TensorFlow AI models may be at risk of supply chain attacks due to a flaw in the Keras API that enables execution of potentially unsafe code.
Keras is an API for neural networks, which is written in Python and provides a high-level interface for deep learning software libraries like TensorFlow and Theano.
A vulnerability tracked as CVE-2024-3660 affects Keras versions prior to 2.13 and was disclosed by the CERT Coordination Center last Tuesday. The flaw lies in the handling of Lambda Layers, a type of AI “building block” that enables developers to add arbitrary Python code to a model as an anonymous lambda function.
In earlier Keras versions, code included in Lambda Layers could be deserialized and executed without any checks, meaning an attacker could potentially distribute a trojanized version of a popular model that includes malicious Lambda Layers and execute code on the system of anyone who loads the model.
“This is just another in a long line of model injection vulnerabilities dating back more than a decade, including previous command injections in Keras models,” Dan McInerney, lead AI threat researcher at Protect AI, told SC Media in an email.
Keras 2.13 and later versions include a “safe_mode” parameter that is set to “True” by default and prevents the deserialization of unsafe Lambda Layers that may trigger arbitrary code execution. However, this check is only performed for models serialized in the Keras version 3 format (file extension .keras), meaning Keras models in older formats may still pose a risk.
The vulnerability poses a potential supply chain risk for developers working with TensorFlow models in Keras. A developer could unknowingly incorporate a third-party model with a malicious Lambda Layer in their own application or build their own model on a base model that includes the malicious code.
Model users and creators are urged to upgrade Keras to at least version 2.13 and ensure the safe_mode parameter is set to “True” to avoid arbitrary code execution from Lambda Layers. Models should also be saved and loaded in the Keras version 3 serialization format.

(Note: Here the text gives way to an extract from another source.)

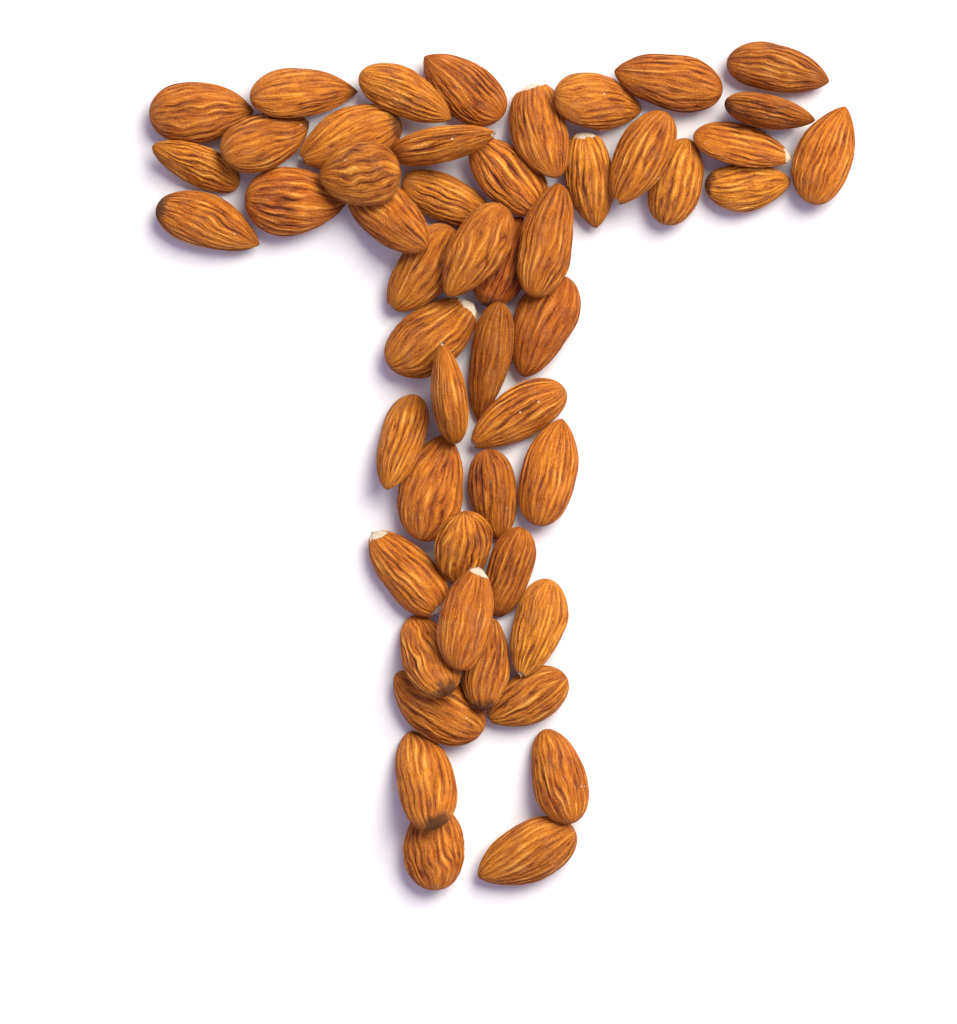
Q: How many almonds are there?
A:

“Model users should only use models developed and distributed by trusted sources, and should always verify the behavior of models before deployment. They should follow the same development and deployment best practices to applications that integrate ML models as they would to any application incorporating any third party component,” the CERT researchers wrote.

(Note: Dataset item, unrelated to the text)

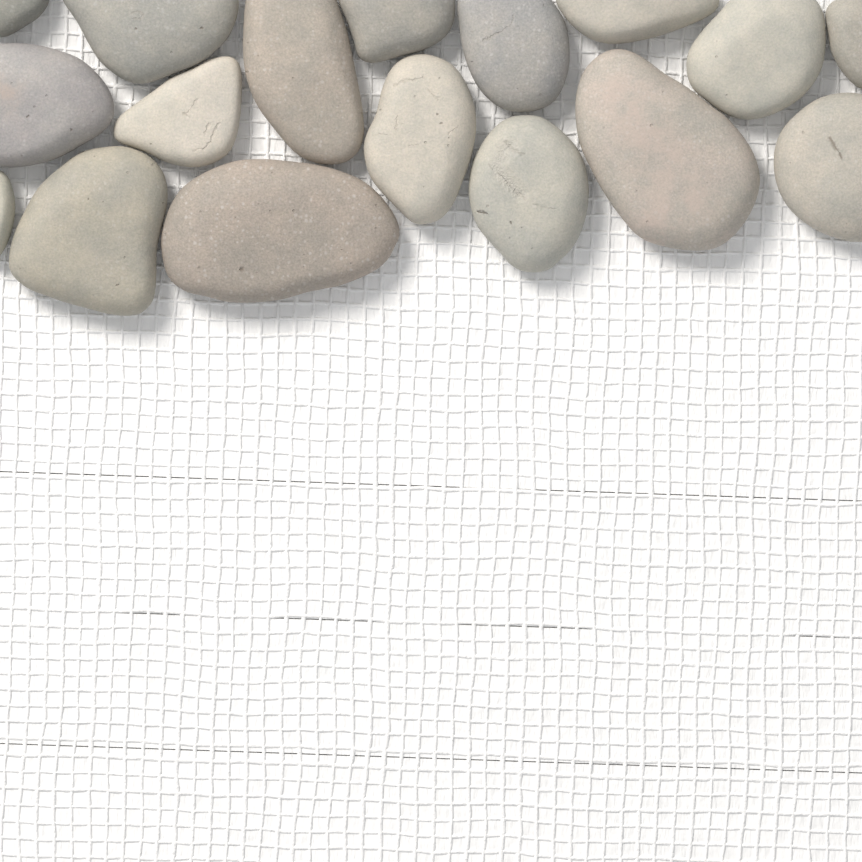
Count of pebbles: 17

Open-source software hosting platforms like Hugging Face, GitHub, npm and PyPI are popular targets for supply chain attacks due to the extent to which modern software depends on open-source third-party code. With the boom in AI development over the last couple years, supply chain threats focused on compromising AI models are likely to increase.

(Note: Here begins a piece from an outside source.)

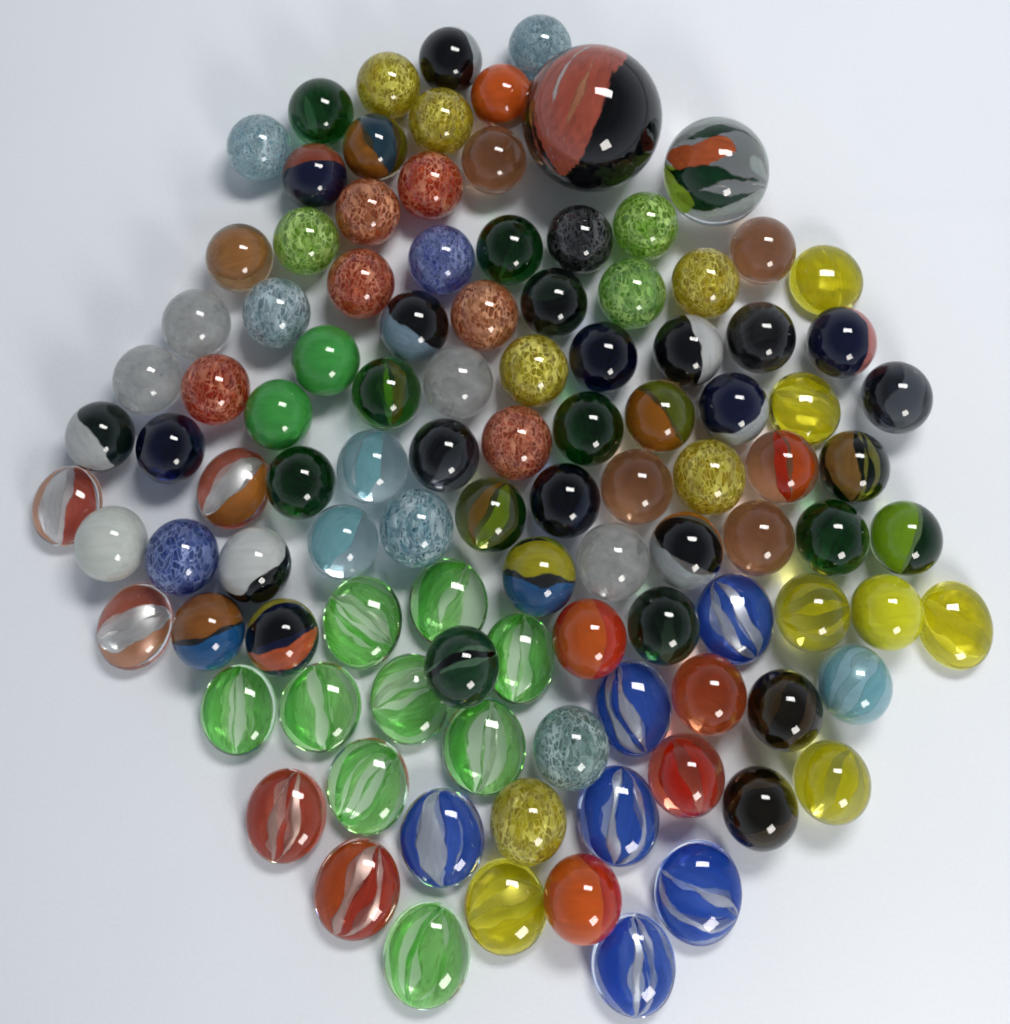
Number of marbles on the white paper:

“The risks are compounded by the fact that unsafe model formats such as pickle were simply accepted by the machine learning community as the default model format for many years and the massive rise in the usage of third party models downloaded from online repositories such as Hugging Face,” McInerney said.
Indeed, earlier this month, malicious models in the insecure pickle format were found to be circulating on the Hugging Face platform.
“There are useful open source tools such as ModelScan that can detect malicious models, but this is unlikely the end of novel ways to force models to execute malicious code without the end user even being aware,” McInerney concluded.